The vision established by these laws has proven difficult for many local and State education agencies to achieve. Thus, nine years after IDEA ’97, the promise of access through assistive technology (AT) and instructional technologies (IT) is still unfulfilled. Schools and districts are challenged to provide access to even basic technologies, particularly financially strapped urban and rural schools. And when technology is available, instructional personnel may not know how to effectively use it to deliver high-quality instruction. The most recent research from the National Center for Education Statistics found that administrators identified an insufficient number of teachers trained in using advanced telecommunications as the number one barrier to the use of technology by students with disabilities, and that this problem was greatest in schools with the highest proportion of poor students (NCES, 2002).

In addition, students and teachers often find barriers rather than supports for learning, tools that are poorly designed, and curricula that often lack the flexibility that teachers need to accommodate such students. The lack of flexibility undermines accountability and effectiveness by forcing teachers to modify or adapt the curriculum and its accountability systems in ways that are neither systematic nor evidence-based.

Finally, methodological issues have affected the quality of research related to the effectiveness of technology in enhancing educational outcomes for students with disabilities. These include the small number of subjects available for certain types of research designs; the interaction between the technologies and the quality and appropriateness of the curriculum delivered by the technologies; the individualized nature of special education; and the difficulty of embedding the technology-based intervention within the classroom context. There are also challenges in selecting the appropriate outcome measures, particularly related to technology where access—rather than student learning—is often the criterion.

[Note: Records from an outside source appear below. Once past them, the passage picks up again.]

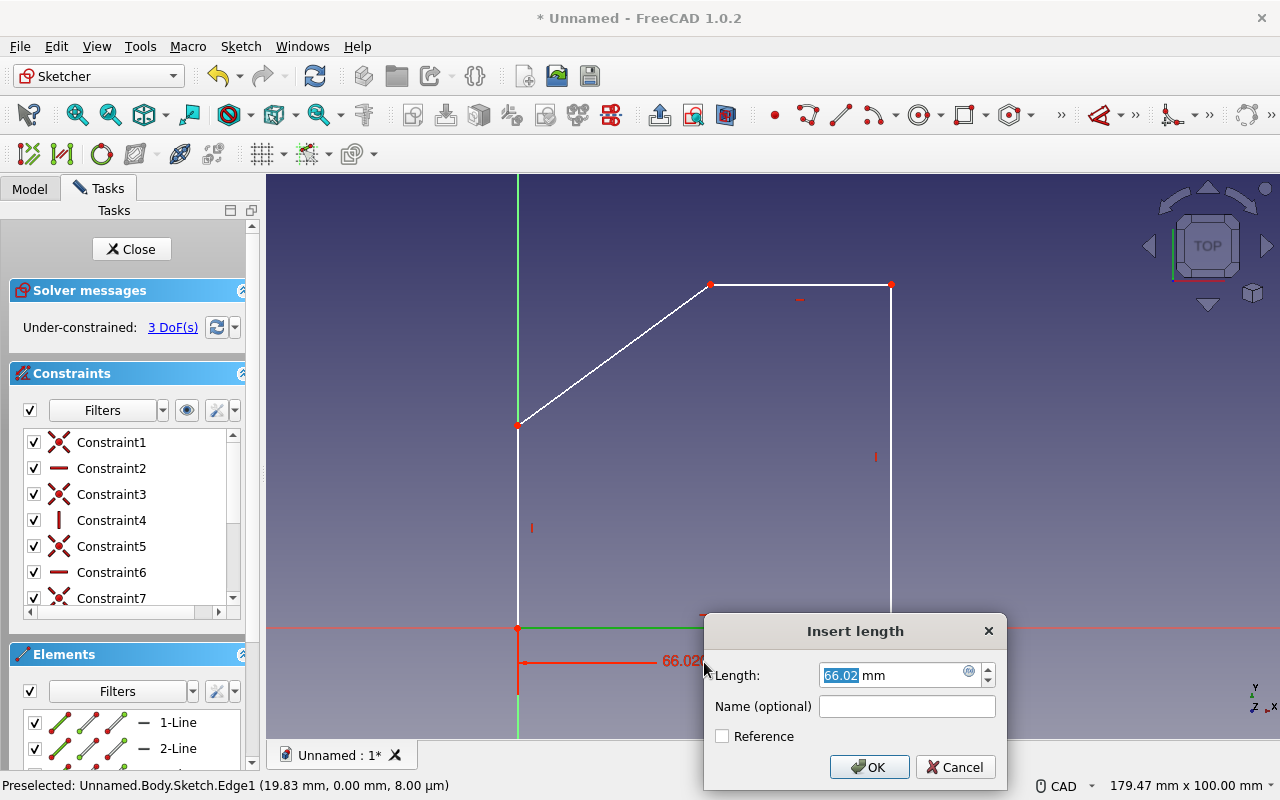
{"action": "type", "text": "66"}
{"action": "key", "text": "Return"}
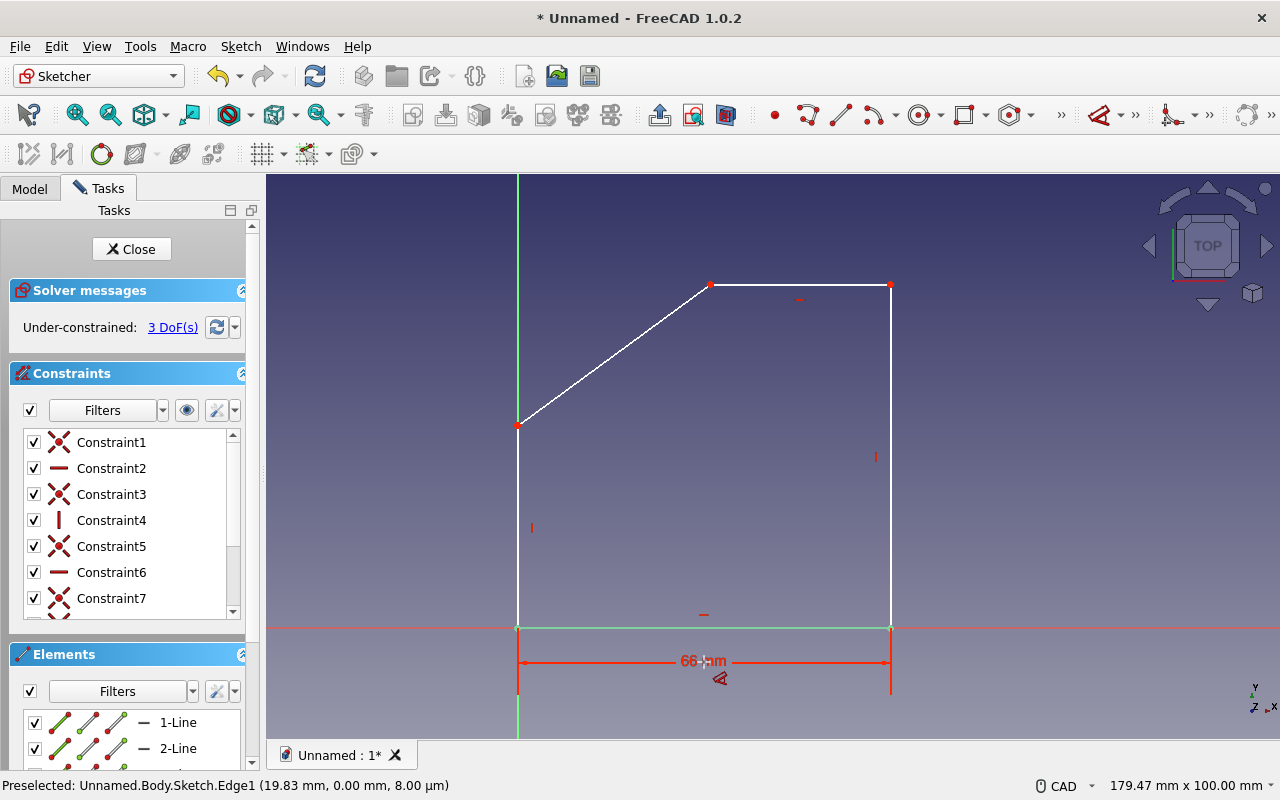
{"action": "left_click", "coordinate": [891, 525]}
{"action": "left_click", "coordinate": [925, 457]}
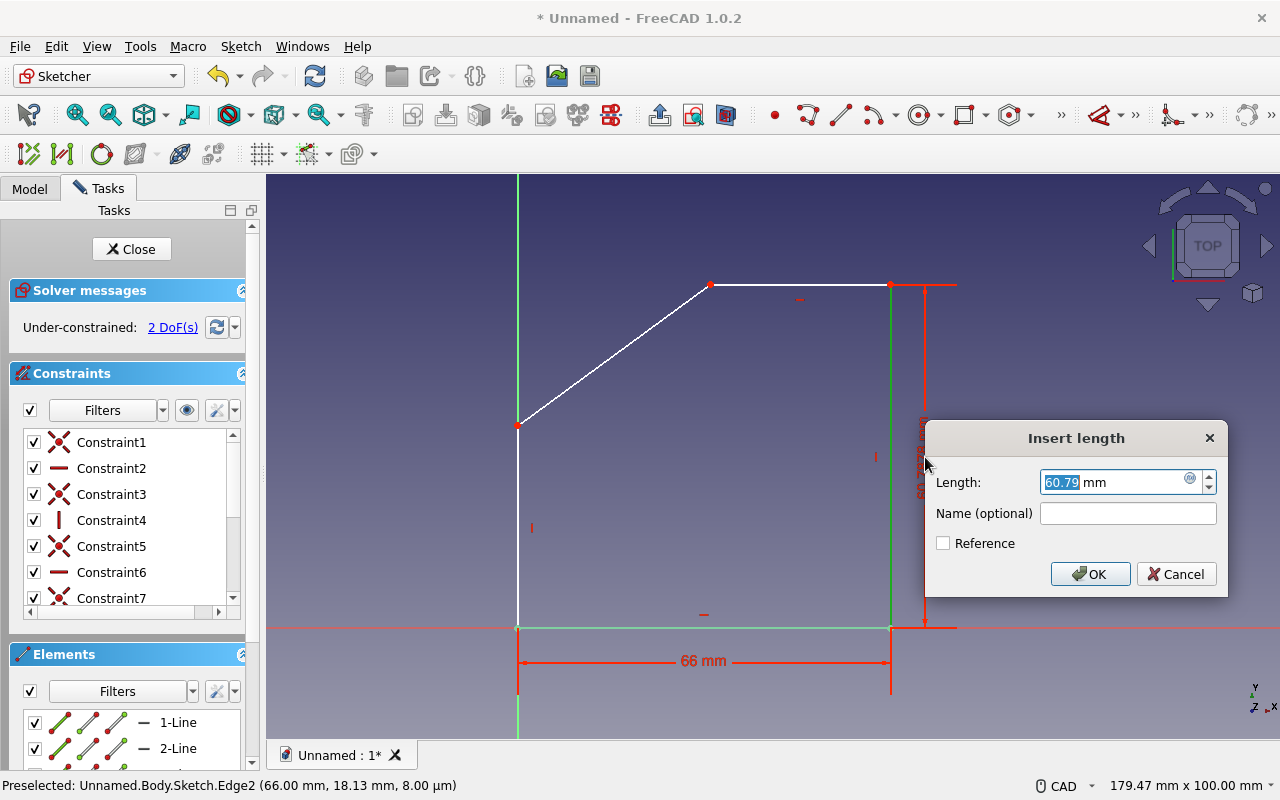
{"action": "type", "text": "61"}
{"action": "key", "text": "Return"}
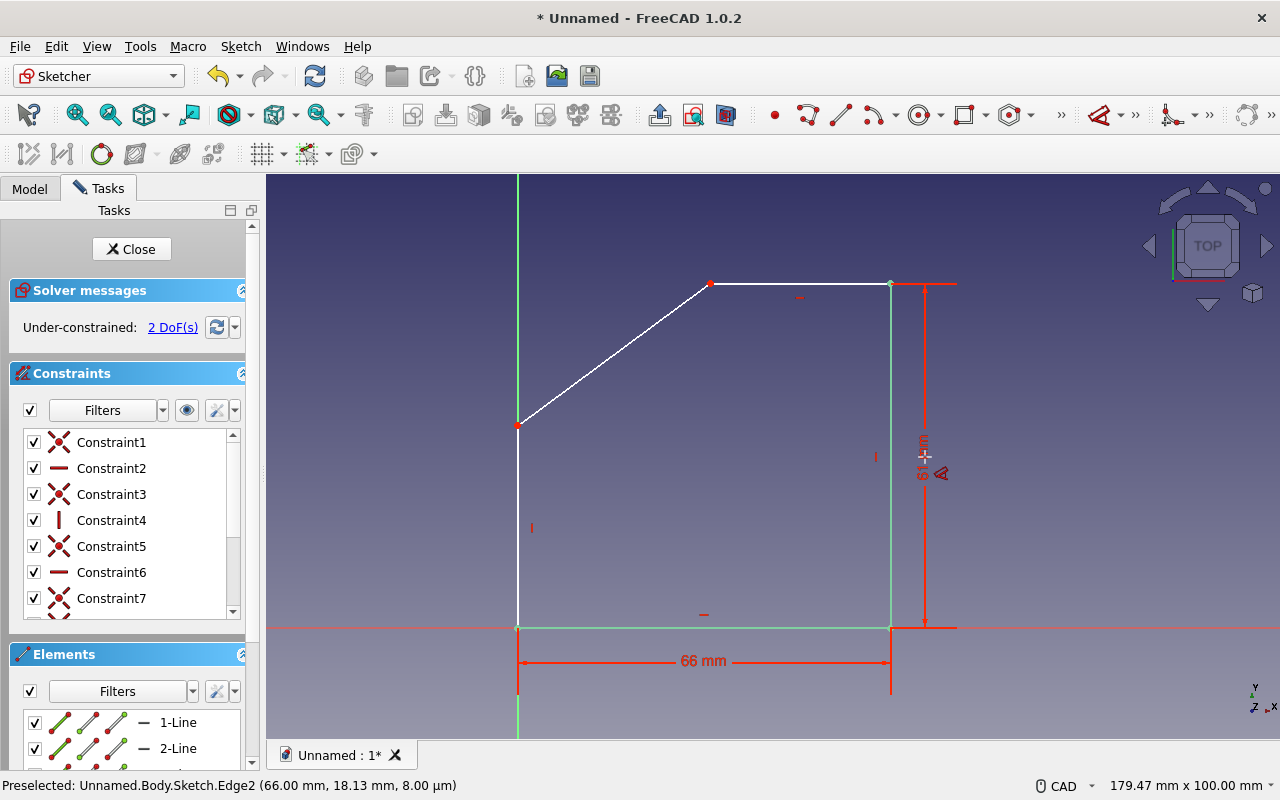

If students with special needs are to realize the benefits of technology, there is a need to identify evidence-based, promising and emerging practices that help address the barriers that SEAs, LEAs, and practitioners have experienced in adopting and implementing technology. Effective technical assistance (TA) is necessary to bridge research and practice and to provide educators with the tools they need to successfully integrate technology.

CITEd was established to identify evidence-based, promising, and emerging practices and to identify and address the barriers that SEAs, LEAs, and teachers have experienced in adopting and implementing technology. The U.S. Office of Special Education Programs (OSEP) conducted the competition for the center, as specified in its program announcement (CFDA 84.327M), and made the center award to the American Institutes for Research (AIR), in collaboration with the Center for Applied Special Technology (CAST) and the Education Development Center, Inc. (EDC), under Cooperative Agreement #H327M040004-06. CITEd began its 5-year program of services on October 1, 2004.